What you should do> What you produce should be the lines from the line containing "Order: by center depth, near to far." through the last line below, both ends included, reproduced exactly and without pictures.

Records to use>
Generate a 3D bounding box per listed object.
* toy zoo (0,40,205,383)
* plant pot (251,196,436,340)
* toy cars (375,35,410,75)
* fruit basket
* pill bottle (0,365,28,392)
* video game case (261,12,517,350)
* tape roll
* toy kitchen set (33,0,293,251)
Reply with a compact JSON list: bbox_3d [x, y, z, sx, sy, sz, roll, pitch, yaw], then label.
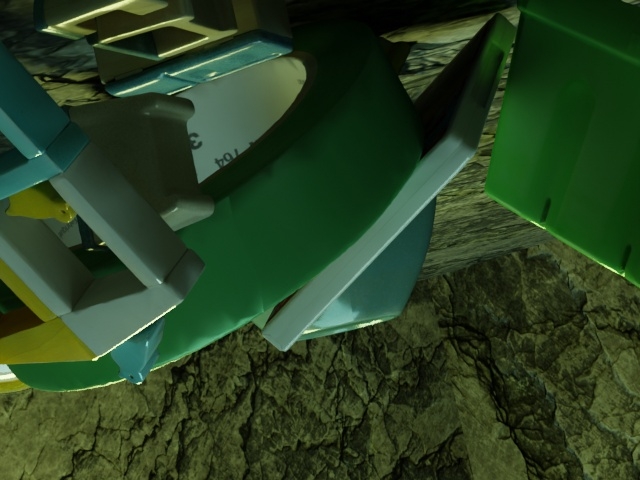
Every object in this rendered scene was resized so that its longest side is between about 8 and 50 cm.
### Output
[{"bbox_3d":[-0.188,-0.027,0.799,0.192,0.293,0.030,-18,-149,44],"label":"toy zoo"},{"bbox_3d":[0.000,0.000,1.629,0.290,0.195,0.290,-13,173,-2],"label":"plant pot"},{"bbox_3d":[-0.030,-0.058,1.298,0.087,0.176,0.393,31,161,-2],"label":"toy cars"},{"bbox_3d":[0.339,-0.114,1.022,0.283,0.392,0.392,17,155,-41],"label":"fruit basket"},{"bbox_3d":[-0.313,0.049,1.481,0.188,0.188,0.334,-11,174,-13],"label":"pill bottle"},{"bbox_3d":[0.057,-0.052,1.122,0.204,0.025,0.285,-47,-173,26],"label":"video game case"},{"bbox_3d":[-0.088,-0.030,1.013,0.321,0.077,0.321,-26,-158,11],"label":"tape roll"},{"bbox_3d":[-0.102,-0.073,0.921,0.122,0.166,0.207,-15,173,23],"label":"toy kitchen set"}]
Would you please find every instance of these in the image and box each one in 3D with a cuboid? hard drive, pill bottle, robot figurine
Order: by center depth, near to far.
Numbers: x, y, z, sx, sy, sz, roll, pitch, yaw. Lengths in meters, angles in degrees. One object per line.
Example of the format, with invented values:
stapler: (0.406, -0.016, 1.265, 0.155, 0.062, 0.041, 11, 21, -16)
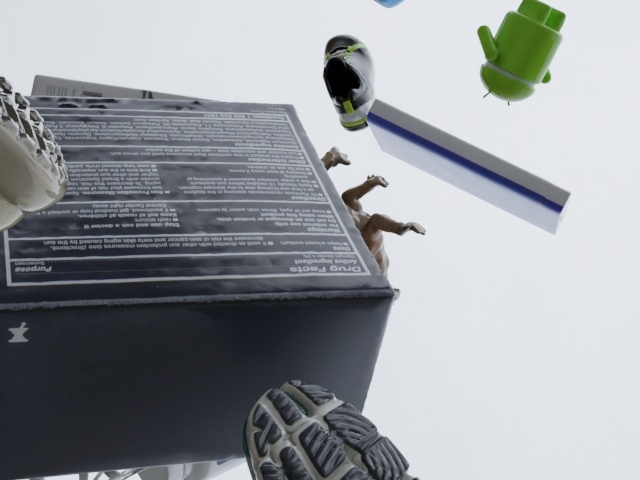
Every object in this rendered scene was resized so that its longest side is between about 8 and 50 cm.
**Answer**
robot figurine: (0.214, -0.199, 1.069, 0.067, 0.101, 0.115, 44, -65, 47)
pill bottle: (-0.151, 0.257, 1.323, 0.112, 0.187, 0.112, 17, -66, 42)
hard drive: (0.231, -0.110, 1.556, 0.319, 0.210, 0.040, 28, -93, 14)

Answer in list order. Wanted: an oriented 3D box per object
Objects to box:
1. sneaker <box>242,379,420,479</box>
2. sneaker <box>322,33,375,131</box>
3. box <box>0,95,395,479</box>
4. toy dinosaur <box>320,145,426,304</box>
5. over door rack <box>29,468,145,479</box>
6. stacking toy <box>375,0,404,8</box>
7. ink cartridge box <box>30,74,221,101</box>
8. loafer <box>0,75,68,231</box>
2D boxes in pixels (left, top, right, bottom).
sneaker: (0.022, 0.224, 0.655, 0.110, 0.107, 0.275, -33, -95, 49)
sneaker: (0.046, -0.287, 1.688, 0.084, 0.097, 0.234, -22, -131, 11)
box: (-0.136, 0.026, 0.837, 0.294, 0.296, 0.182, -116, -149, -51)
toy dinosaur: (0.000, 0.000, 1.279, 0.296, 0.127, 0.200, 32, -70, -9)
over door rack: (-0.198, 0.211, 1.283, 0.240, 0.324, 0.108, -30, -91, 23)
stacking toy: (0.047, -0.515, 1.557, 0.175, 0.166, 0.302, -51, -129, 13)
ink cartridge box: (-0.286, -0.112, 1.449, 0.114, 0.273, 0.197, 113, -16, -74)
loafer: (-0.216, -0.087, 0.372, 0.092, 0.268, 0.102, -43, -158, 0)

Answer>
Order: by center depth, near to far.
Numbers: x, y, z, sx, sy, sz, roll, pitch, yaw. Lengths in meters, angles in degrees. One object per line.
Example of the format, with invented values:
stapler: (0.406, -0.016, 1.265, 0.155, 0.062, 0.041, 11, 21, -16)
Every object in this rendered scene was resized so that its longest side is between about 8 and 50 cm.
**Answer**
robot figurine: (0.214, -0.199, 1.069, 0.067, 0.101, 0.115, 44, -65, 47)
pill bottle: (-0.151, 0.257, 1.323, 0.112, 0.187, 0.112, 17, -66, 42)
hard drive: (0.231, -0.110, 1.556, 0.319, 0.210, 0.040, 28, -93, 14)

Answer in list order. Wanted: an oriented 3D box per object
Objects to box:
1. sneaker <box>242,379,420,479</box>
2. sneaker <box>322,33,375,131</box>
3. box <box>0,95,395,479</box>
4. toy dinosaur <box>320,145,426,304</box>
5. over door rack <box>29,468,145,479</box>
6. stacking toy <box>375,0,404,8</box>
7. ink cartridge box <box>30,74,221,101</box>
8. loafer <box>0,75,68,231</box>
2D boxes in pixels (left, top, right, bottom).
sneaker: (0.022, 0.224, 0.655, 0.110, 0.107, 0.275, -33, -95, 49)
sneaker: (0.046, -0.287, 1.688, 0.084, 0.097, 0.234, -22, -131, 11)
box: (-0.136, 0.026, 0.837, 0.294, 0.296, 0.182, -116, -149, -51)
toy dinosaur: (0.000, 0.000, 1.279, 0.296, 0.127, 0.200, 32, -70, -9)
over door rack: (-0.198, 0.211, 1.283, 0.240, 0.324, 0.108, -30, -91, 23)
stacking toy: (0.047, -0.515, 1.557, 0.175, 0.166, 0.302, -51, -129, 13)
ink cartridge box: (-0.286, -0.112, 1.449, 0.114, 0.273, 0.197, 113, -16, -74)
loafer: (-0.216, -0.087, 0.372, 0.092, 0.268, 0.102, -43, -158, 0)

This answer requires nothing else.